Note that the added component, the Gaia, "cleans up" the digital input signal - and this makes the major difference to the presentation. Which says what? Well, the same thing as has been the case since digital was made available to the public, nearly 40 years ago: that digital playback chains are extremely sensitive to noise issues, from the POV of the subjective impression of what you hear. Why? Because 'digital' noise messes up the low level detail which the ear/brain relies upon to understand what all the data means; in a way that it can't be unscrambled, inside your head. Analogue adds lot of obvious noise and distortion, but the brain can deal with this quite easily - hence the everlasting fondness for LPs, say.

 

Most people with an objectivist stance can't, or refuse to understand this. Hence, the ongoing Fight Club. And they're the losers, from their need to deny what's going on ...

 

Does one need a special combo, like what George reviewed? Well, it helps to get to the goal for those who just want to purchase a solution - but the option is always there for people to "clean up" noise issues, using far cheaper materials and parts, and knowledge.
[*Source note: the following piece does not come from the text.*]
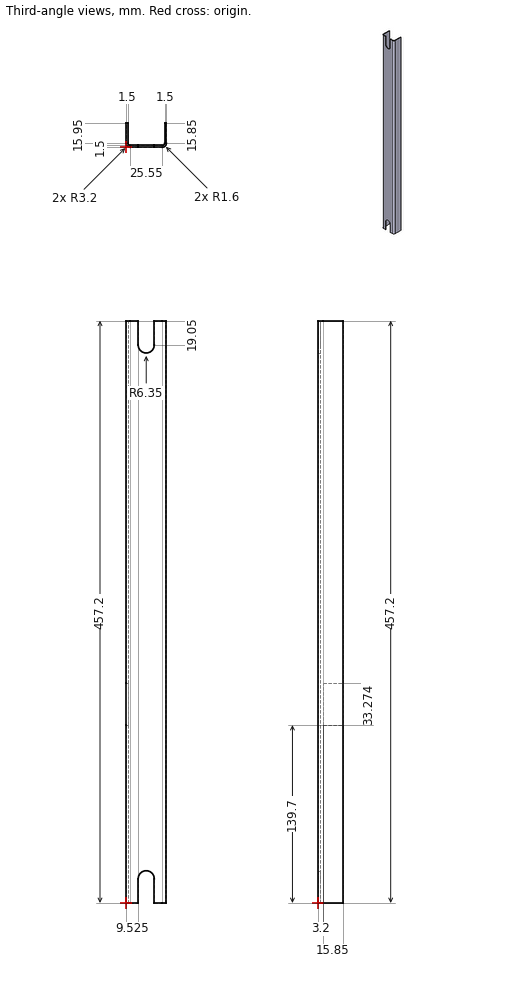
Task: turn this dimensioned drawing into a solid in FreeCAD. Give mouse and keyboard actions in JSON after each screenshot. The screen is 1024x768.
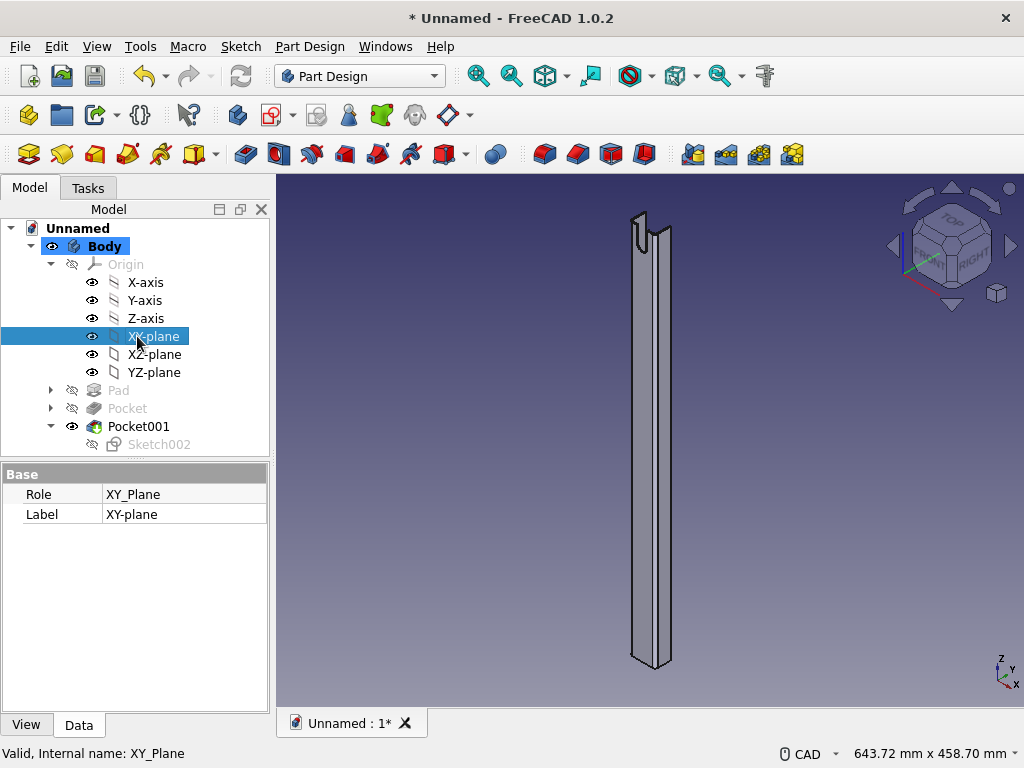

Like myself, ^_^. Of course, if one wants to live in an alternative universe where only the magic of very expensive gear can release the specialness of what is actually on recordings, then feel free to do so - but that's your choice, ;).

 

Music playback can be very, very special. And it only takes a capable, very low cost setup to produce this. Especially these days. They will be available to buy off the shelf one day, but in the meantime good DIY input and careful tweaking can bypass the remaining gremlins that bedevil systems, that are the bottlenecks to achieving competent SQ.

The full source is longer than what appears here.